Tips for Curbing Bad Money Habits

Do you want to kick your impulse shopping, lack of budgeting and excessive food delivery orders to the curb? These tips will help women to get out of the bad money habit cycle. 

How Young Women Can Stop Impulse Shopping

Young women who want to break impulse shopping habits should start by identifying their triggers, said Samantha Hawrylack, co-founder of How To FIRE. Some of these triggers may include feeling bored or wanting something new. 

Once they understand why they’re shopping, Hawrylack said they can create strategies to manage their urges. Young women who shop out of boredom, for example, may decide to put this time toward exploring a new hobby or revisiting an activity they enjoy. 

Gillian McCarthy, CFP and financial advisor at Great Oak Wealth Management, also recommends the envelope method, or cash stuffing, for young women who want to stop impulse spending. 

Each month, women can add a set amount of cash to an envelope dedicated to impulse buys.
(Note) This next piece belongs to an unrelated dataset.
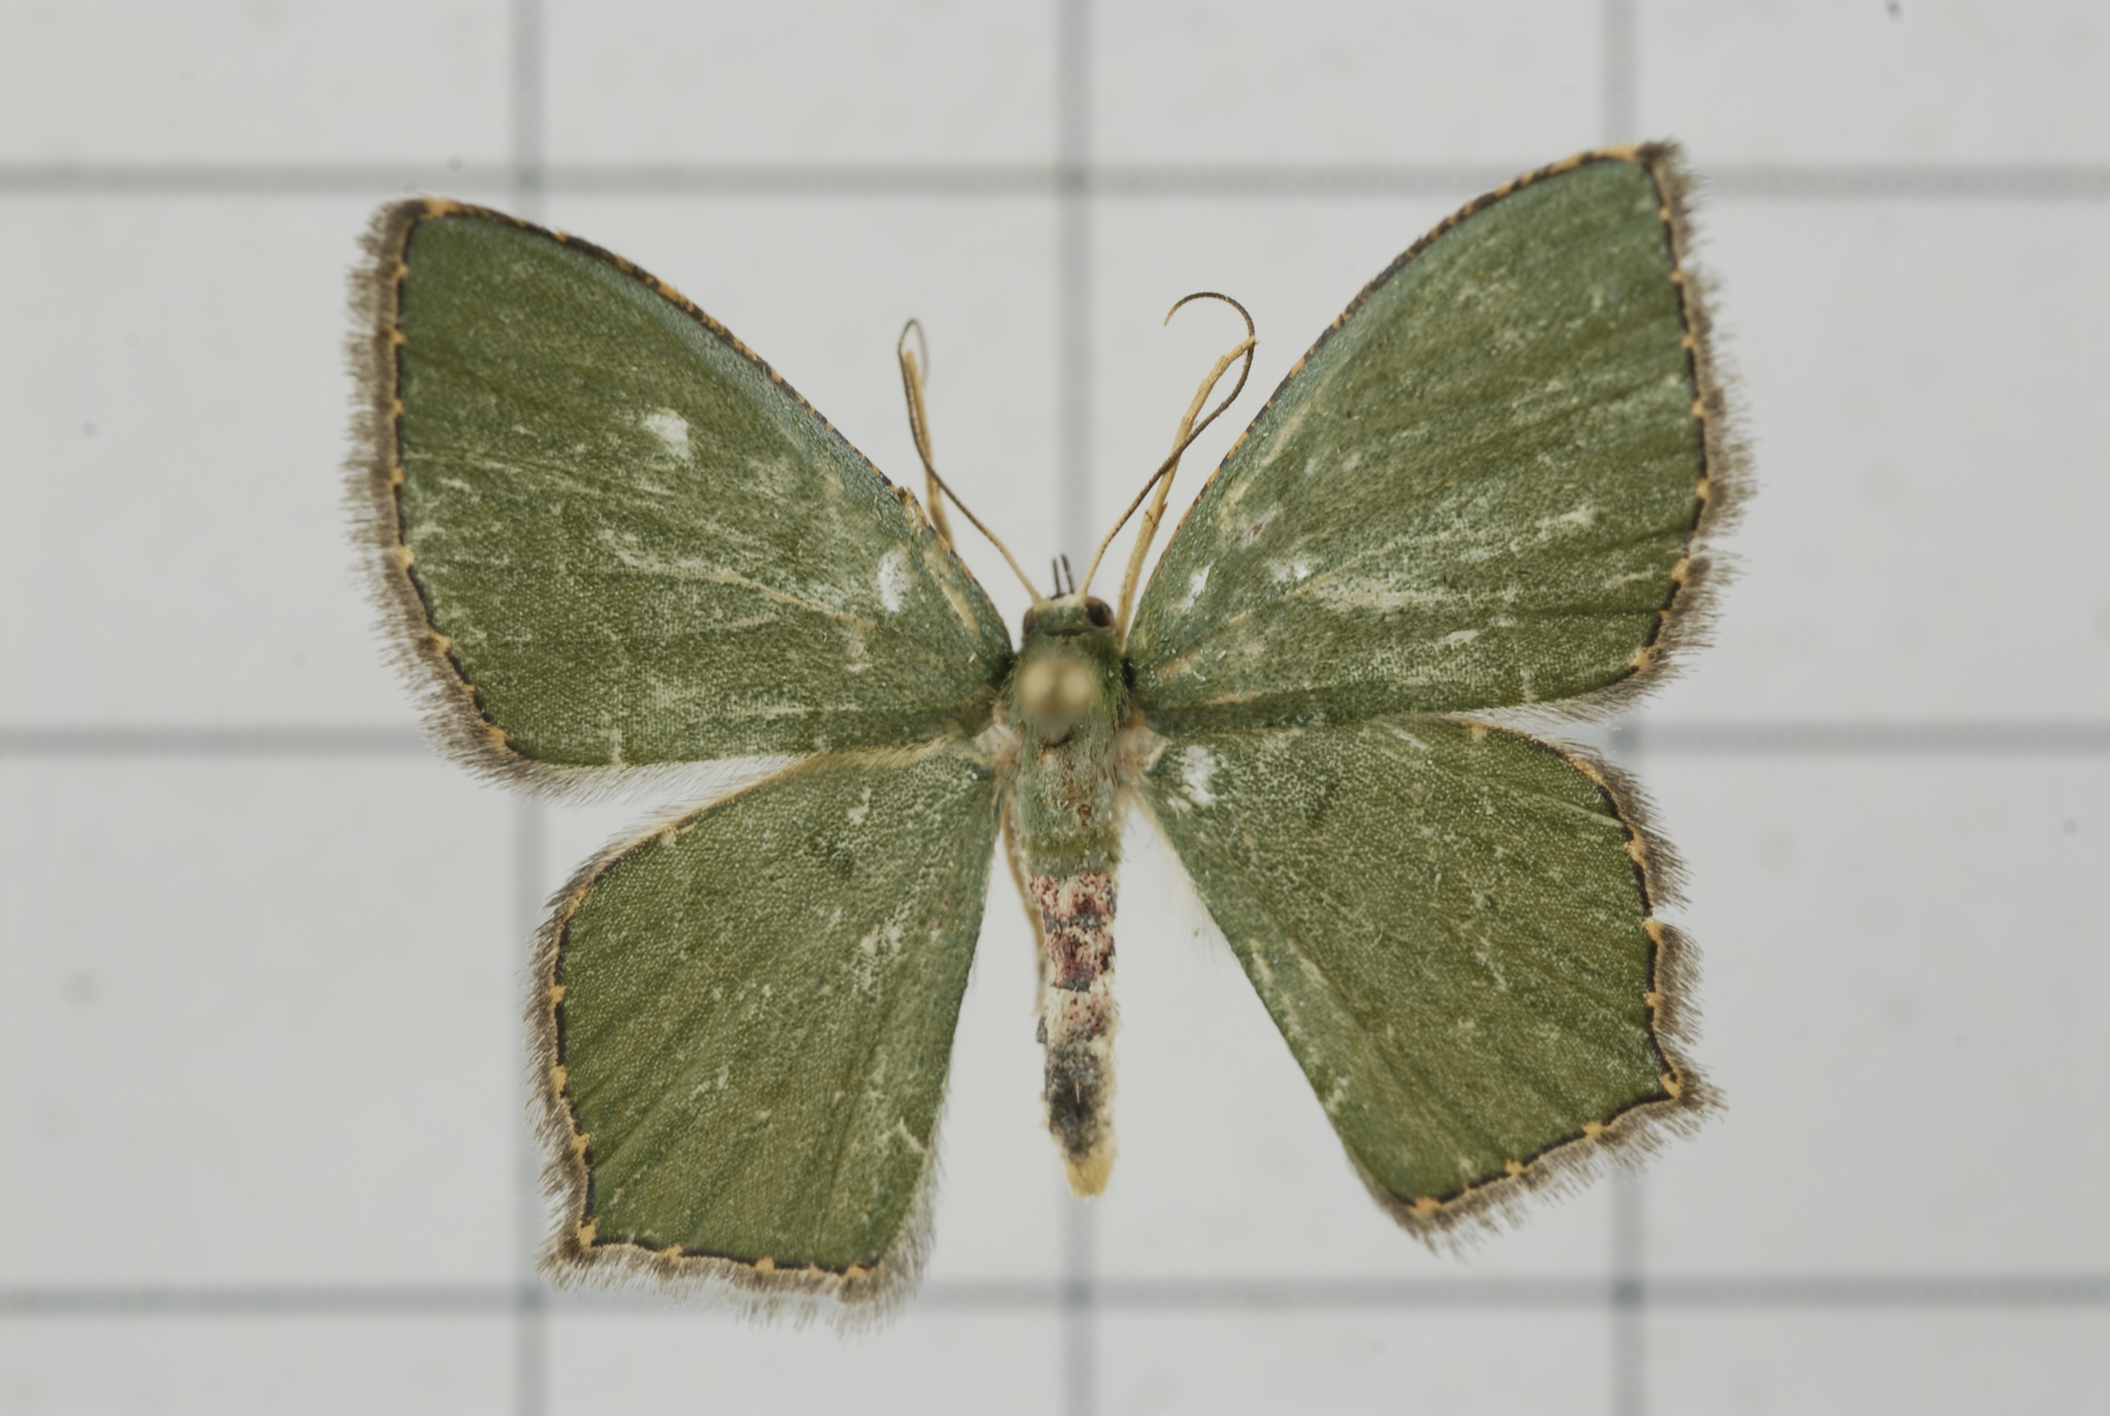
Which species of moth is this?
Hemithea tritonaria
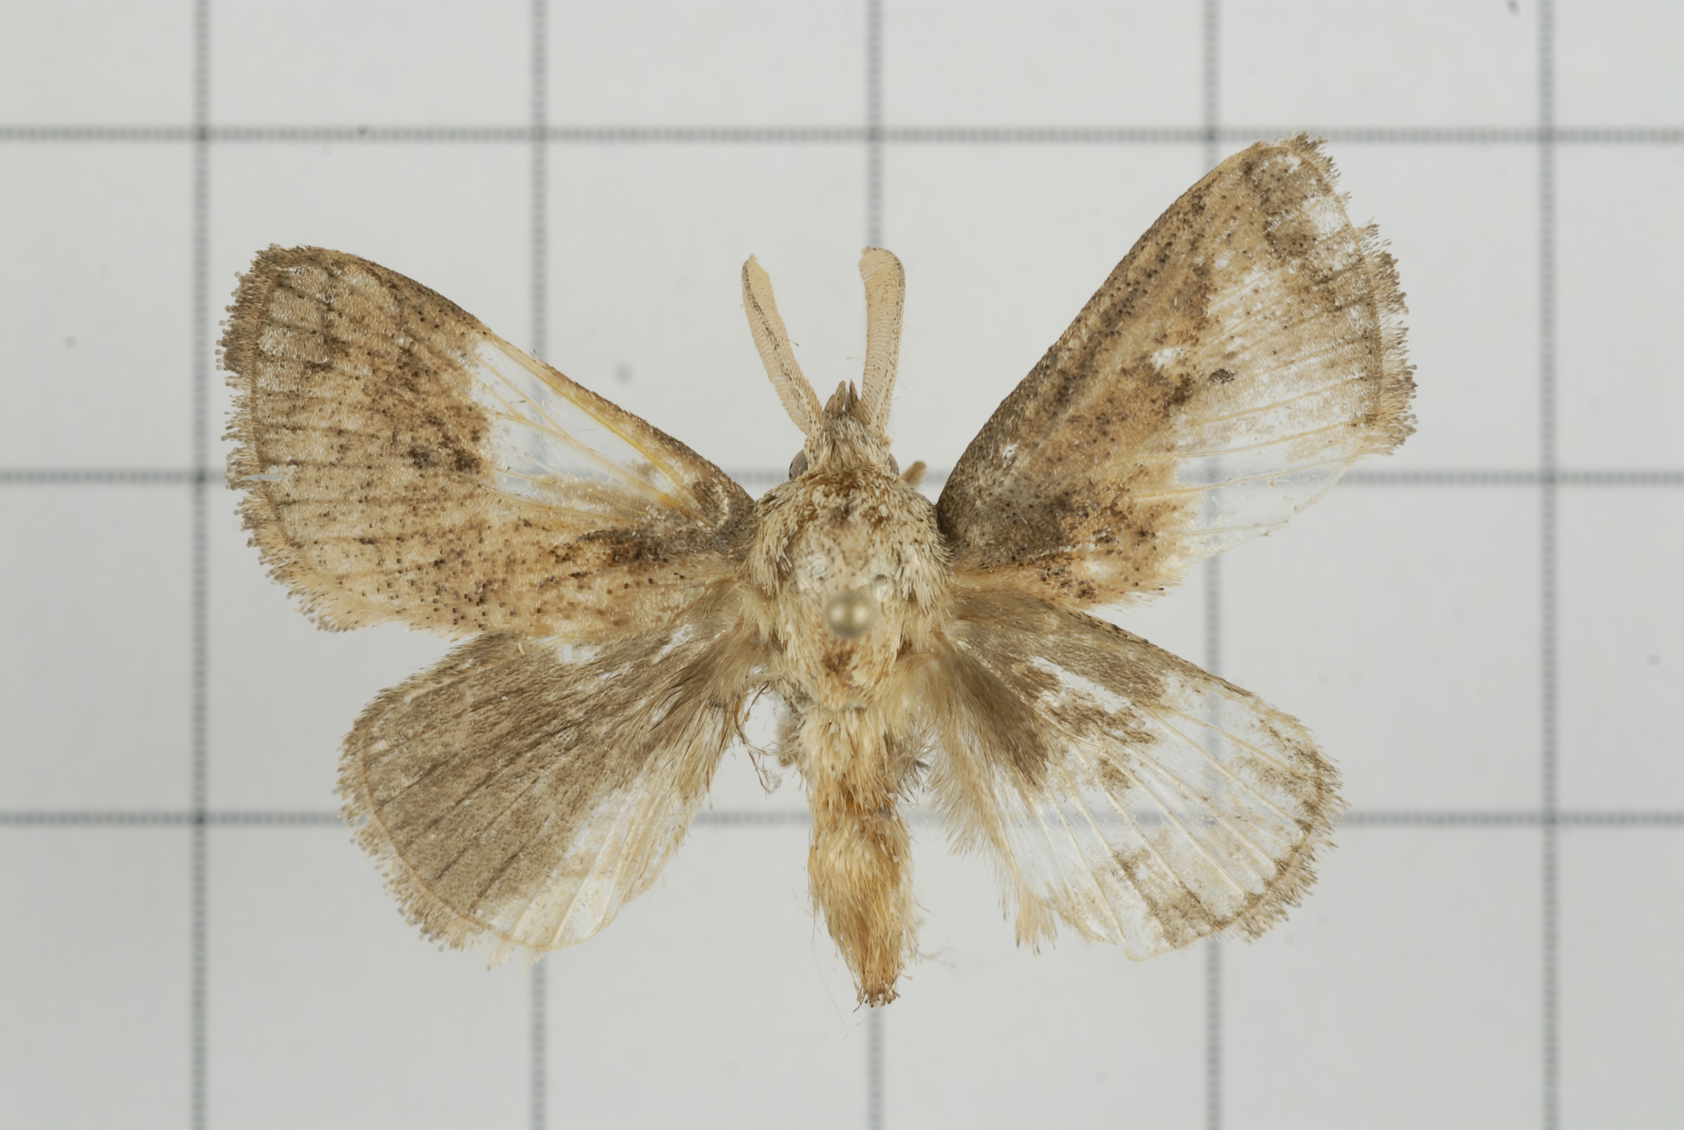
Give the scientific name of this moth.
Susica sinensis

Anything they want to splurge on has to come out of the envelope. Once the envelope is empty, they are done spending in this category for the month. McCarthy said it’s an easy visual way for young women to see their spending and create a hard stop on how much they spend on impulse buys.

How Young Women Can Cut Back on Food Delivery

Ordering in is very easy and fast to do. For young women who want to keep these expenses under control, Trae Bodge, smart shopping expert at TrueTrae, said to establish a set number of times each week when you can order in. Stick to this number to ensure when you do order in, it feels like a treat.
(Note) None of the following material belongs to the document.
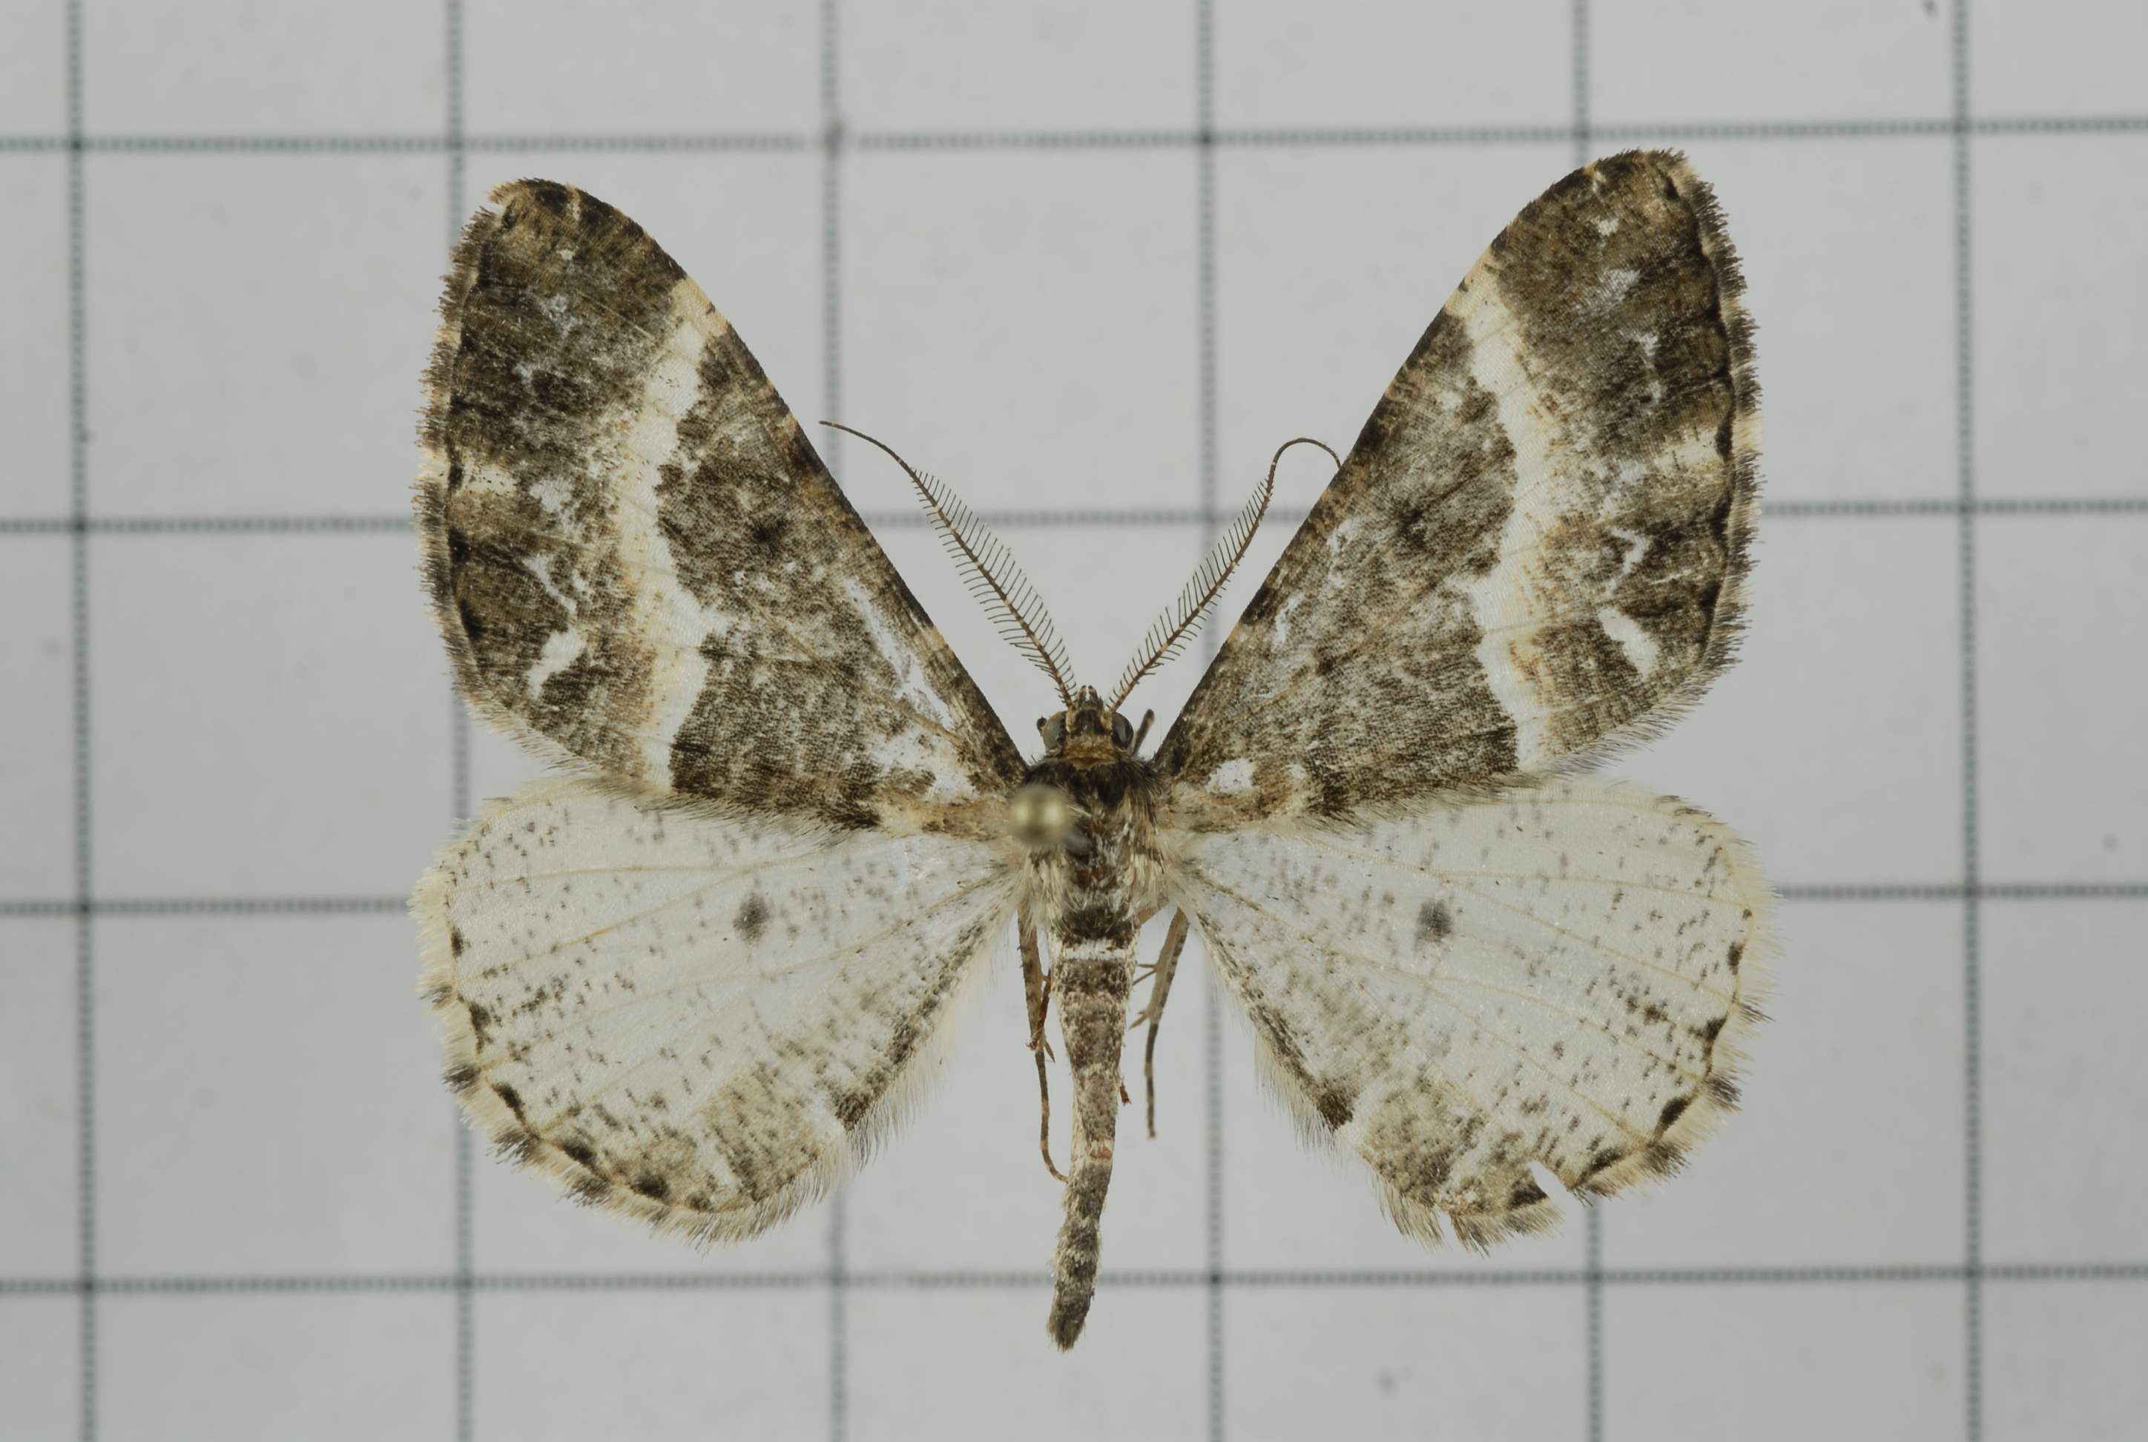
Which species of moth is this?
Harutalcis fumigata

Bodge also recommends placing your food delivery order on your laptop instead of your smartphone. 

“It’s easier to use coupons or earn cashback with a deal site,” Bodge said. Those ordering food on their laptop with a browser extension installed for a website like Slickdeals, for example, will be able to find discounts and allow the extension to run coupons for you during checkout.
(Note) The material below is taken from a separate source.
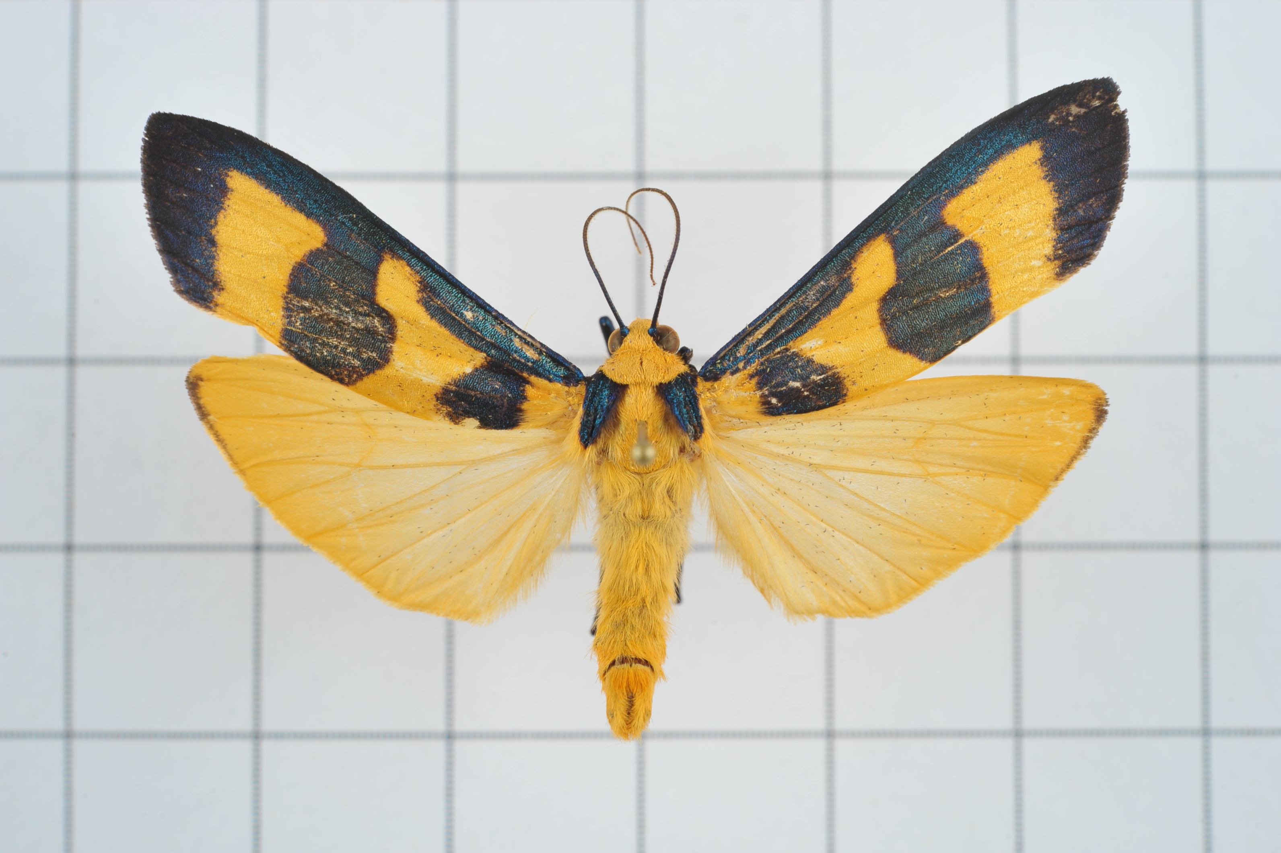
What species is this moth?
Chrysaeglia magnifica

How Young Women Can Stick To Budgets

It’s not uncommon to feel restricted or overwhelmed by the idea of creating and sticking to a budget. And for some women, a line-by-line budget might not be designed for them. 

If you find this is the case, Bodge recommends creating a loose budget. This is a budget based on what you spend each month on your bills, your salary and any money you have left over. The leftover amount, Bodge said, can be divided into saving and spending buckets. The amount in your spending bucket is your “allowance” which can then be used for shopping and going out.

More From GOBankingRates

Methodology: GOBankingRates surveyed 1,016 American women aged 18 and older from across the country on between February 17 and February 21, 2023, asking twenty different questions: (1) What is your primary financial goal?; (2) What is the biggest barrier to achieving your financial goal?; (3) If you are actively investing, what is your primary investment vehicle?; (4) If you are not actively investing, what’s preventing you from investing?; (5) What’s the biggest obstacle you’ve faced in your career path?; (6) How much student loan debt do you currently have?; (7) How much credit card debt do you currently have?; (8) What is your biggest obstacle to paying off your debts (credit card, student loan, medical, etc.)?; (9) What is your biggest source of financial worry/stress?; (10) What workplace benefit is most important to you?; (11) What is your worst money habit?; (12) How involved are you in household financial decisions compared to your partner?; (13) Which of the following financial professionals have you utilized? (Select all that apply)?; (14) Do you consider yourself financially secure/stable?; (15) What is your biggest financial regret?; (16) Do you consider yourself bad with money?; (17) If you are a parent, which cost are you most overwhelmed by?; (18) If you are a parent, what best describes your current work situation?; (19) How would you describe your relationship with money?; and (20) Do you consider yourself to be financially independent?. GOBankingRates used PureSpectrum’s survey platform to conduct the poll.